HANA, as an in-memory database, must be loaded into memory to perform well. Intel, for years and, apparently up to current times, has suffered with a major bottleneck in its I/O subsystem. As a result, loading a single terabyte of data into memory could take 10 to 20 minutes in a best-case scenario. Anecdotally, some customers have remarked that placing superfast, all flash subsystems, such as IBM’s FlashSystem 9100, behind an Intel HANA system resulted in little improvement in load times compared to mid-range SSD subsystems. For customers attempting to bring up a 10TB storage/20TB memory HANA system, this could result in load times measured in hours. As a result, a faster way of getting a HANA system up and running was sorely needed.

This did not appear to be a problem for customers using IBM’s Power Systems. Not only has Power delivered roughly twice the I/O bandwidth of Intel systems for years, but with POWER9, IBM introduced PCIe Gen4, further extending their leadership in this area. The bottleneck is actually in the storage subsystem and number of paths that it can drive, not in the processor. To prove this, IBM ran a test with 10 NVMe cards in PCIe slots and was able to drive load speeds into HANA of almost 1TB/min.[I]. In other words, to improve restart times, Power Systems customers need only move to faster subsystems and/or add more or faster paths.
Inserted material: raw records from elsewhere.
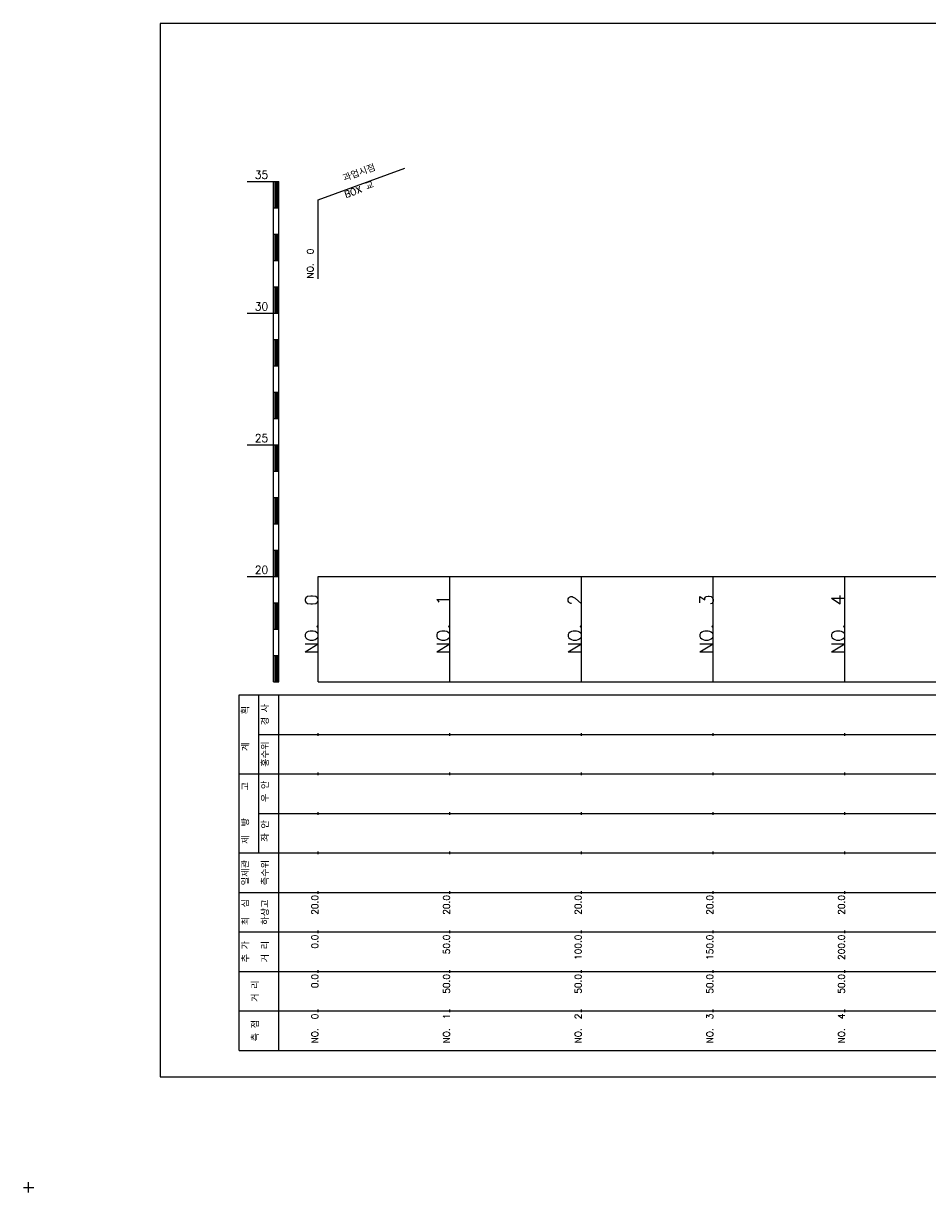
# Model space of a CAD drawing. Extents: x -2 to 685, y -2 to 442.
# Tile 1 of 2: x -2 to 342, y -2 to 442. Entities that reach past the tile are written whole.
import ezdxf
from ezdxf.enums import TextEntityAlignment as Align

# ---------------------------------------------------------------- set-up
doc = ezdxf.new("R2010")
doc.units = 0
doc.header["$LTSCALE"] = 5
for name, color, linetype in [('BOX', 5, 'CONTINUOUS'), ('DT1', 3, 'CONTINUOUS'), ('LT1', 4, 'CONTINUOUS'), ('ST1', 7, 'CONTINUOUS')]:
    doc.layers.add(name, color=color, linetype=linetype)
doc.styles.add('GHS', font='ROMANS.shx', dxfattribs={"bigfont": 'GHS.shx'})

msp = doc.modelspace()

# ---------------------------------------------------------------- linework, layer by layer
at = {"layer": 'BOX'}
msp.add_lwpolyline([(50, 42), (650, 42), (650, 442), (50, 442), (50, 42)], dxfattribs=at)
at = {"layer": 'LT1', "linetype": 'CONTINUOUS'}
for p, q in [((110, 375), (142.89, 386.97)), ((110, 345), (110, 375))]:
    msp.add_line(p, q, dxfattribs=at)
at = {"layer": 'LT1'}
for p, q in [((83, 382), (93, 382)), ((93, 192), (93, 382)), ((93, 382), (95, 382)), ((95, 192), (95, 382)), ((93.5, 381.8), (93.5, 372.2)), ((94, 381.8), (94, 372.2)), ((94.5, 381.8), (94.5, 372.2)), ((93, 372), (95, 372)), ((93, 362), (95, 362)), ((93.5, 361.8), (93.5, 352.2)), ((94, 361.8), (94, 352.2)), ((94.5, 361.8), (94.5, 352.2)), ((93, 352), (95, 352)), ((93, 342), (95, 342)), ((93.5, 341.8), (93.5, 332.2)), ((94, 341.8), (94, 332.2)), ((94.5, 341.8), (94.5, 332.2)), ((83, 332), (93, 332)), ((93, 332), (95, 332)), ((93, 322), (95, 322)), ((93.5, 321.8), (93.5, 312.2)), ((94, 321.8), (94, 312.2)), ((94.5, 321.8), (94.5, 312.2)), ((93, 312), (95, 312)), ((93, 302), (95, 302)), ((93.5, 301.8), (93.5, 292.2)), ((94, 301.8), (94, 292.2)), ((94.5, 301.8), (94.5, 292.2)), ((93, 292), (95, 292)), ((83, 282), (93, 282)), ((93, 282), (95, 282)), ((93.5, 281.8), (93.5, 272.2)), ((94, 281.8), (94, 272.2)), ((94.5, 281.8), (94.5, 272.2)), ((93, 272), (95, 272)), ((93, 262), (95, 262)), ((93.5, 261.8), (93.5, 252.2)), ((94, 261.8), (94, 252.2)), ((94.5, 261.8), (94.5, 252.2)), ((93, 252), (95, 252)), ((93, 242), (95, 242)), ((93.5, 241.8), (93.5, 232.2)), ((94, 241.8), (94, 232.2)), ((94.5, 241.8), (94.5, 232.2)), ((83, 232), (93, 232)), ((93, 232), (95, 232)), ((110, 192), (110, 232)), ((160, 192), (160, 232)), ((210, 192), (210, 232)), ((260, 192), (260, 232)), ((310, 192), (310, 232)), ((110, 225.69), (110, 226.69)), ((160, 225.69), (160, 226.69)), ((210, 225.69), (210, 226.69)), ((260, 225.69), (260, 226.69)), ((310, 225.69), (310, 226.69)), ((93, 222), (95, 222)), ((93.5, 221.8), (93.5, 212.2)), ((94, 221.8), (94, 212.2)), ((94.5, 221.8), (94.5, 212.2)), ((93, 212), (95, 212)), ((93, 202), (95, 202)), ((93.5, 201.8), (93.5, 192.2)), ((94, 201.8), (94, 192.2)), ((94.5, 201.8), (94.5, 192.2)), ((93, 192), (95, 192)), ((110, 192), (610, 192)), ((110, 171.5), (110, 172.5)), ((160, 171.5), (160, 172.5)), ((210, 171.5), (210, 172.5)), ((260, 171.5), (260, 172.5)), ((310, 171.5), (310, 172.5)), ((110, 156.5), (110, 157.5)), ((160, 156.5), (160, 157.5)), ((210, 156.5), (210, 157.5)), ((260, 156.5), (260, 157.5)), ((310, 156.5), (310, 157.5)), ((110, 141.5), (110, 142.5)), ((160, 141.5), (160, 142.5)), ((210, 141.5), (210, 142.5)), ((260, 141.5), (260, 142.5)), ((310, 141.5), (310, 142.5)), ((110, 126.5), (110, 127.5)), ((160, 126.5), (160, 127.5)), ((210, 126.5), (210, 127.5)), ((260, 126.5), (260, 127.5)), ((310, 126.5), (310, 127.5)), ((110, 111.5), (110, 112.5)), ((160, 111.5), (160, 112.5)), ((210, 111.5), (210, 112.5)), ((260, 111.5), (260, 112.5)), ((310, 111.5), (310, 112.5)), ((110, 96.5), (110, 97.5)), ((160, 96.5), (160, 97.5)), ((210, 96.5), (210, 97.5)), ((260, 96.5), (260, 97.5)), ((310, 96.5), (310, 97.5)), ((110, 81.5), (110, 82.5)), ((160, 81.5), (160, 82.5)), ((210, 81.5), (210, 82.5)), ((260, 81.5), (260, 82.5)), ((310, 81.5), (310, 82.5)), ((110, 66.5), (110, 67.5)), ((160, 66.5), (160, 67.5)), ((210, 66.5), (210, 67.5)), ((260, 66.5), (260, 67.5)), ((310, 66.5), (310, 67.5))]:
    msp.add_line(p, q, dxfattribs=at)
msp.add_lwpolyline([(110, 232), (160, 232), (210, 232), (260, 232), (310, 232), (360, 232), (410, 232), (460, 232), (510, 232), (560, 232), (610, 232)], dxfattribs=at)
at = {"layer": 'ST1'}
for p, q in [((80, 52), (80, 187)), ((80, 187), (623, 187)), ((87.5, 157), (87.5, 187)), ((95, 52), (95, 187)), ((87.5, 172), (623, 172)), ((80, 157), (623, 157)), ((87.5, 127), (87.5, 157)), ((87.5, 142), (623, 142)), ((80, 127), (623, 127)), ((80, 112), (623, 112)), ((80, 97), (623, 97)), ((80, 82), (623, 82)), ((80, 67), (623, 67)), ((80, 52), (623, 52)), ((-2, 0), (2, 0)), ((0, -2), (0, 2))]:
    msp.add_line(p, q, dxfattribs=at)

# ---------------------------------------------------------------- texts
at = {"layer": 'DT1', "linetype": 'CONTINUOUS', "style": 'GHS'}
for s, rotation, p in [('과업시점', 20, (126, 383.99)), ('BOX 교', 20, (126, 377.68)), ('경 사', 90, (91.25, 179.5)), ('  획', 90, (83.75, 179.5)), ('홍수위', 90, (91.25, 164.5)), ('   계', 90, (83.75, 164.5)), ('   고', 90, (83.75, 149.5)), (' 우 안', 90, (91.25, 149.5)), (' 제  방', 90, (83.75, 134.5)), (' 좌 안', 90, (91.25, 134.5)), ('일제관', 90, (83.75, 119.5)), ('측수위', 90, (91.25, 119.5)), ('최  심', 90, (83.75, 104.5)), ('하상고', 90, (91.25, 104.5)), ('추 가', 90, (83.75, 89.5)), ('거 리', 90, (91.25, 89.5)), ('거 리', 90, (87.5, 74.5)), ('측 점', 90, (87.5, 59.5))]:
    msp.add_text(s, height=2.5, rotation=rotation, dxfattribs=at).set_placement(p, align=Align.CENTER)
at = {"layer": 'DT1', "style": 'GHS'}
for s, p in [('35', (91, 383)), ('30', (91, 333)), ('25', (91, 283)), ('20', (91, 233))]:
    msp.add_text(s, height=3, dxfattribs=at).set_placement(p, align=Align.RIGHT)
at = {"layer": 'DT1', "linetype": 'CONTINUOUS', "style": 'GHS'}
msp.add_text('NO.  0 ', height=2.5, rotation=90, dxfattribs=at).set_placement((108.25, 345.12))
at = {"layer": 'DT1', "style": 'GHS'}
for s, height, p in [('NO.  0', 5, (110, 225.19)), ('NO.  1', 5, (160, 225.19)), ('NO.  2', 5, (210, 225.19)), ('NO.  3', 5, (260, 225.19)), ('NO.  4', 5, (310, 225.19)), (' 20.0', 2.5, (110, 111)), (' 20.0', 2.5, (160, 111)), (' 20.0', 2.5, (210, 111)), (' 20.0', 2.5, (260, 111)), (' 20.0', 2.5, (310, 111)), ('     0.0', 2.5, (110, 96)), ('    50.0', 2.5, (160, 96)), ('   100.0', 2.5, (210, 96)), ('   150.0', 2.5, (260, 96)), ('   200.0', 2.5, (310, 96)), ('   0.0', 2.5, (110, 81)), ('  50.0', 2.5, (160, 81)), ('  50.0', 2.5, (210, 81)), ('  50.0', 2.5, (260, 81)), ('  50.0', 2.5, (310, 81)), ('NO.  0', 2.5, (110, 66)), ('NO.  1', 2.5, (160, 66)), ('NO.  2', 2.5, (210, 66)), ('NO.  3', 2.5, (260, 66)), ('NO.  4', 2.5, (310, 66))]:
    msp.add_text(s, height=height, rotation=90, dxfattribs=at).set_placement(p, align=Align.RIGHT)

doc.saveas('drawing.dxf')

This suggests that Intel’s motivation for NVDIMMs may be to solve a problem of their own making. But this also raises a question of their understanding of HANA. If a customer is running a transactional workload such as Suite on HANA, S/4 or C/4, and is using HANA System Replication, wouldn’t at least one of the pair of nodes be available at all times? SAP supports near zero upgrades[ii], so systems, firmware, OS or even HANA itself may be updated on one of the pair of nodes while the other continues to operate, followed by a synchronization of changed data and a controlled failover so that the first node might be updated. In this way, cold restarts of HANA, where a fast restart option might make a big difference, may be driven down into a very rare occurrence. In other words, wouldn’t this be a better option than causing poor performance to everything due to radically slower DIMMs compared to DRAM as has been discussed in gory detail on the previous two posts of this series?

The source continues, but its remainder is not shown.